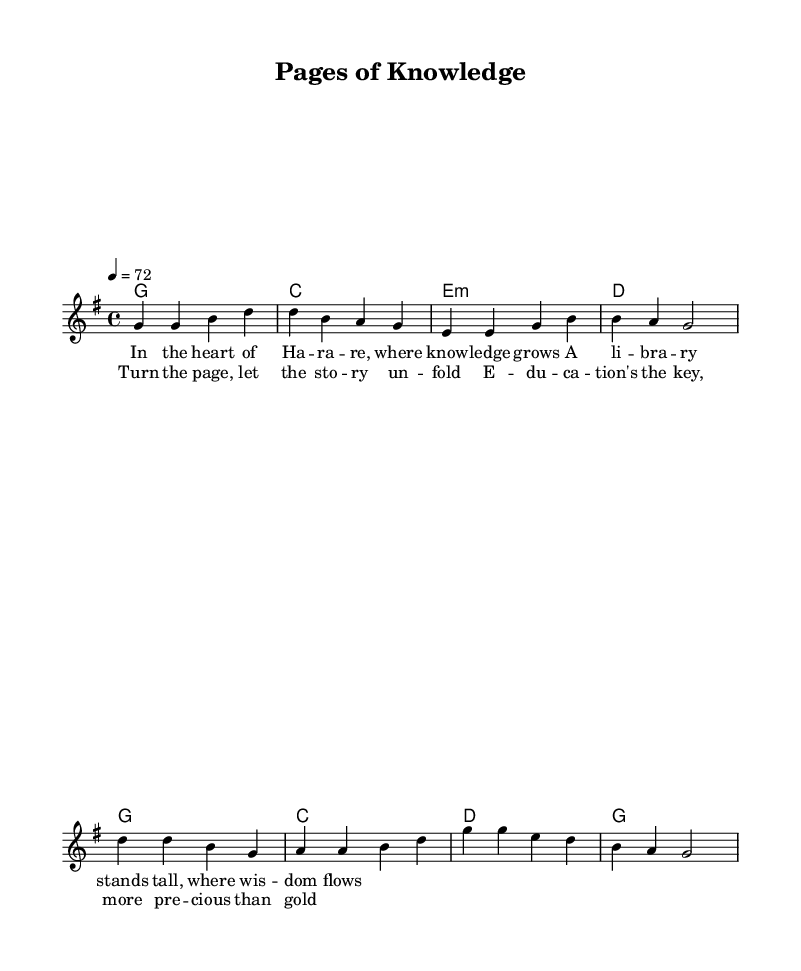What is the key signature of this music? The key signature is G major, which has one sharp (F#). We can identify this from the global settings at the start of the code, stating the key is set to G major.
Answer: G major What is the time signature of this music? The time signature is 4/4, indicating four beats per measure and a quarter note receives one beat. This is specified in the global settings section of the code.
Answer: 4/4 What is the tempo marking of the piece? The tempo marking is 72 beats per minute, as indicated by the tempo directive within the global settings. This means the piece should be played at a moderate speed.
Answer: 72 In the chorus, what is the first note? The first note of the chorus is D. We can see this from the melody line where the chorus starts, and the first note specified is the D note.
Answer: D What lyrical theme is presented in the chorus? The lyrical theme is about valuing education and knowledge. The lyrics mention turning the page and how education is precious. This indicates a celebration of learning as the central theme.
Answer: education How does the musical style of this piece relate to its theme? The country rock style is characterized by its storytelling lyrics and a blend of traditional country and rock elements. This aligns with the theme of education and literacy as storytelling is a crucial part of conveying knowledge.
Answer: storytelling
==
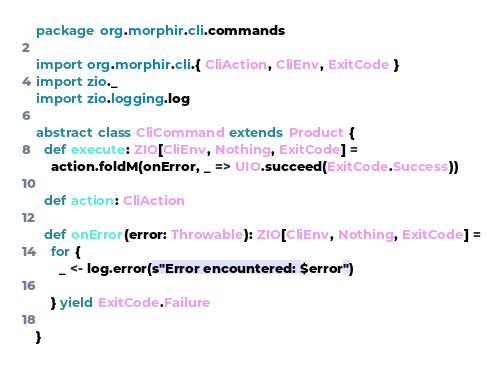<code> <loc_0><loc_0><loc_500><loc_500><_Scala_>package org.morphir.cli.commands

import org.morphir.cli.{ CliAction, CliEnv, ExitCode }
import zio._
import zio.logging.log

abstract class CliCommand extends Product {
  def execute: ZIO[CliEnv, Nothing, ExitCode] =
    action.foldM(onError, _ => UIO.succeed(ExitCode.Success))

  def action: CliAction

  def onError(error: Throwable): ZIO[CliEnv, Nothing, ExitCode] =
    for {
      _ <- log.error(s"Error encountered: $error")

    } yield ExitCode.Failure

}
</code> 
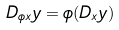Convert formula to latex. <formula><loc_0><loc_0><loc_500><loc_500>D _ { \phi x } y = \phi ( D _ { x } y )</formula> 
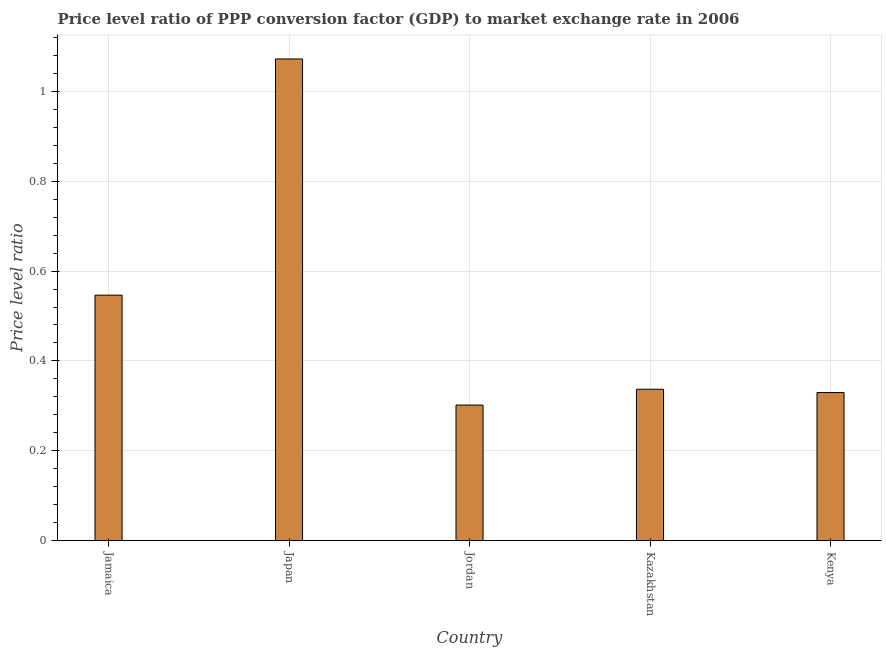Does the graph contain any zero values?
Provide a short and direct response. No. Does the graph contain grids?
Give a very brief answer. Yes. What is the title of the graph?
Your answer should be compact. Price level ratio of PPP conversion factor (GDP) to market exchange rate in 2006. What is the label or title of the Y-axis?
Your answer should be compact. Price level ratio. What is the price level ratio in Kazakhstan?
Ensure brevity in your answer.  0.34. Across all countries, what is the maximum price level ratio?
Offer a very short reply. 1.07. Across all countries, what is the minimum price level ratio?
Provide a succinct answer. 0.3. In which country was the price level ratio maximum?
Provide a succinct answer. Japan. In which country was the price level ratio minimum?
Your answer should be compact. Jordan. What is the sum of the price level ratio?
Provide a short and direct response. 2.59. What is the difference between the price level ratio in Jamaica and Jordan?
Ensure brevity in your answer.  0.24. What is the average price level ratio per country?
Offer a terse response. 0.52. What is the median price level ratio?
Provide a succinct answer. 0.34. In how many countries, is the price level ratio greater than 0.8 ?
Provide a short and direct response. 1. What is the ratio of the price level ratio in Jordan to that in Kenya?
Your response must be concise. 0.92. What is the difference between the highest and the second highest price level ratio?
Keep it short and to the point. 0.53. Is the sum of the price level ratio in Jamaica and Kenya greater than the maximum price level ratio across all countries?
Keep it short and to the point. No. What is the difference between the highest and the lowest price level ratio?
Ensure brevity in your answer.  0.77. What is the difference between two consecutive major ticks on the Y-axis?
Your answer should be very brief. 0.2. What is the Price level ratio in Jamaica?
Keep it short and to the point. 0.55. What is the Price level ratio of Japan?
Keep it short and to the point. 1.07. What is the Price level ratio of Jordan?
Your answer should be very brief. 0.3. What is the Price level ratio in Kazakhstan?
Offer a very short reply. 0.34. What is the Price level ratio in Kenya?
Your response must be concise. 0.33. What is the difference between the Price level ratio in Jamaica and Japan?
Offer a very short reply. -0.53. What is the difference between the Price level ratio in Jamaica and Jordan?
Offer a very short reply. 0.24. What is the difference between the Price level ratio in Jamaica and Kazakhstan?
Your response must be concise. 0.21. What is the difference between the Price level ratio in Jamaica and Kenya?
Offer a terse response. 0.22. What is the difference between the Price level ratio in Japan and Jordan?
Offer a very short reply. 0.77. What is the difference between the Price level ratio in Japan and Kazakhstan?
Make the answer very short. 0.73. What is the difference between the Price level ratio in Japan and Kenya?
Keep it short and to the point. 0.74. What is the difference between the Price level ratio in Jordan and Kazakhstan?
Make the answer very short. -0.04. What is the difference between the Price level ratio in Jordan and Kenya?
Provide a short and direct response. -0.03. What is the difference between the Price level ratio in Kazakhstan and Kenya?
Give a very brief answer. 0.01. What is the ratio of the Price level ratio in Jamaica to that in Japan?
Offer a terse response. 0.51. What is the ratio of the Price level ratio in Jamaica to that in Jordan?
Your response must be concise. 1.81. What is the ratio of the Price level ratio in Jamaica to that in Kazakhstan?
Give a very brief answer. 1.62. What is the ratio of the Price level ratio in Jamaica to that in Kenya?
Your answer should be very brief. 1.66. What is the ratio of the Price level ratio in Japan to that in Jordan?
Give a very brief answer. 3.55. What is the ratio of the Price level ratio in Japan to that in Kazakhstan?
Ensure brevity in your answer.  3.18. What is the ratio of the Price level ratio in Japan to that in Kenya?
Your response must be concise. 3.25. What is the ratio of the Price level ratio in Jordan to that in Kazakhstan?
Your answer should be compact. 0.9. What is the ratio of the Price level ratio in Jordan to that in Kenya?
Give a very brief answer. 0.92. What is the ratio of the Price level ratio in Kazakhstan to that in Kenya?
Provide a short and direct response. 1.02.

**What you need to do**
Copy only this part of the entries above: the line with "Give a very brief answer. 0.92.", the line with "Provide a short and direct response. 1.02.", and the lines between, all exactly as written.

**Answer to this exercise**
Give a very brief answer. 0.92. What is the ratio of the Price level ratio in Kazakhstan to that in Kenya?
Provide a short and direct response. 1.02.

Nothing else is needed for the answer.